- Born: February 12, 1955 (age 71)
- Occupations: film director, film producer, screenwriter and actor
- Years active: 1955–present
- Known for: infant Moses in The Ten Commandments
- Notable work: produced his father's TV adaptation of A Man For All Seasons; directed his father as Long John Silver in a 1990 adaptation of Treasure Island; helmed The Crucifer of Blood starring his father as Sherlock Holmes
- Spouse: Marilyn Heston ​(m. 1980)​
- Children: 1
- Parents: Charlton Heston (father); Lydia Clarke (mother);

= Fraser Clarke Heston =

American film director

Fraser Clarke Heston (born February 12, 1955) is an American film director, film producer, screenwriter and actor.

== Early life ==
Heston was born in 1955 to actors Charlton Heston and Lydia Clarke.
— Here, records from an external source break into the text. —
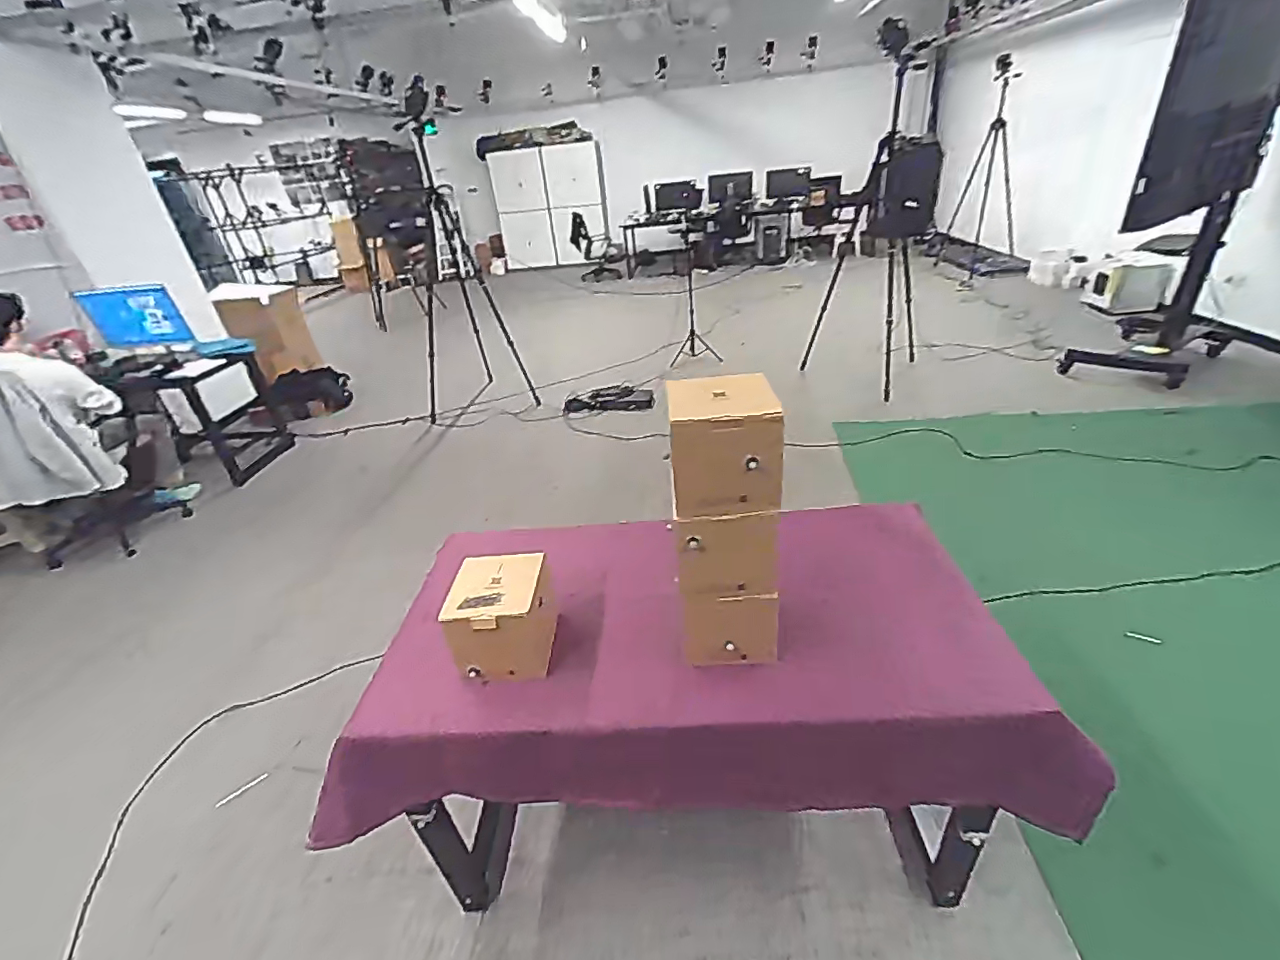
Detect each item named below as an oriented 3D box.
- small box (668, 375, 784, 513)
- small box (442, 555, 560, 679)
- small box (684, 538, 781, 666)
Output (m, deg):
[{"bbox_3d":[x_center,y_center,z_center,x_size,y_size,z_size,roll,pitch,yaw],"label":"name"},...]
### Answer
[{"bbox_3d":[0.135,-0.056,0.874,0.168,0.176,0.179,-4,29,4],"label":"small box"},{"bbox_3d":[-0.259,0.271,1.056,0.168,0.176,0.179,-5,29,4],"label":"small box"},{"bbox_3d":[0.172,0.230,1.032,0.168,0.176,0.179,-4,31,7],"label":"small box"}]

He has a sister.

As a baby, Heston made his film debut as the infant Moses (his father played the grown Moses) in the Cecil B. DeMille epic The Ten Commandments.

==Work with his father==
While in the process of writing Wind River, a romantic adventure novel about 19th-century fur trappers, Heston was convinced by producer Martin Shafer to turn the story into a film script. Discovering that film-writing came naturally for him, 22-year-old Heston wrote his first screenplay, The Mountain Men, for Columbia Pictures, which became the feature film.
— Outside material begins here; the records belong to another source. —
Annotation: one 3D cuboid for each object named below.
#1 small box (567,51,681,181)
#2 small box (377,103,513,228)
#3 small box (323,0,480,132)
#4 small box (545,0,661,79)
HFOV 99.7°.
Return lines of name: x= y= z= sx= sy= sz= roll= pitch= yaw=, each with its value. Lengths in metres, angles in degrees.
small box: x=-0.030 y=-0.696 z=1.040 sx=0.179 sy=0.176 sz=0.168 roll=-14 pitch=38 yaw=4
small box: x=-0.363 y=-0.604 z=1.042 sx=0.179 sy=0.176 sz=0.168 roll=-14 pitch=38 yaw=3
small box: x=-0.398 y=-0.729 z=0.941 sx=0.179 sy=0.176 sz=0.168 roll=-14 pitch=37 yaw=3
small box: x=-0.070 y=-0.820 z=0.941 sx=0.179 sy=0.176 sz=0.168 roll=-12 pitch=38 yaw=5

Fraser Heston produced his father's TV adaptation of A Man For All Seasons (1988). He directed his father as Long John Silver in a 1990 adaptation of Treasure Island for TNT and helmed The Crucifer of Blood starring his father as Sherlock Holmes the following year.

==Other work==

After directing 2nd unit work on City Slickers in Spain, Heston directed Needful Things (1993) and Alaska.

==Credits==

===Acting credit===
- The Ten Commandments (1956) - The Infant Moses
- The Search for Michael Rockefeller (2010, documentary) - Narrator

===Director credits===
- Mother Lode (1982) (uncredited)
- Treasure Island (1990, TV movie)
- The Crucifer of Blood (1991, TV movie)
- City Slickers (1991, Pamplona, Spain crew, 2nd unit director)
- Needful Things (1993)
- Alaska (1996)
- The Search for Michael Rockefeller (2010, documentary)

===Producer credits===
- Mother Lode (1982)
- A Man for All Seasons (1988, TV movie)
- Treasure Island (1990, TV movie)
- The Crucifer of Blood (1991, TV movie)
- Charlton Heston Presents the Bible (1997, video documentary, executive producer)
- Ben Hur (2003, video, executive producer)
- The Search for Michael Rockefeller (2010, documentary)

===Screenplay credits===
- The Mountain Men (1980)
- Mother Lode (1982)
- Treasure Island (1990, TV movie)
- The Crucifer of Blood (1991, TV movie)
- The Search for Michael Rockefeller (2010, documentary)

==Personal life==
Fraser and his wife Marilyn Heston have been married since 1980. The couple have a son.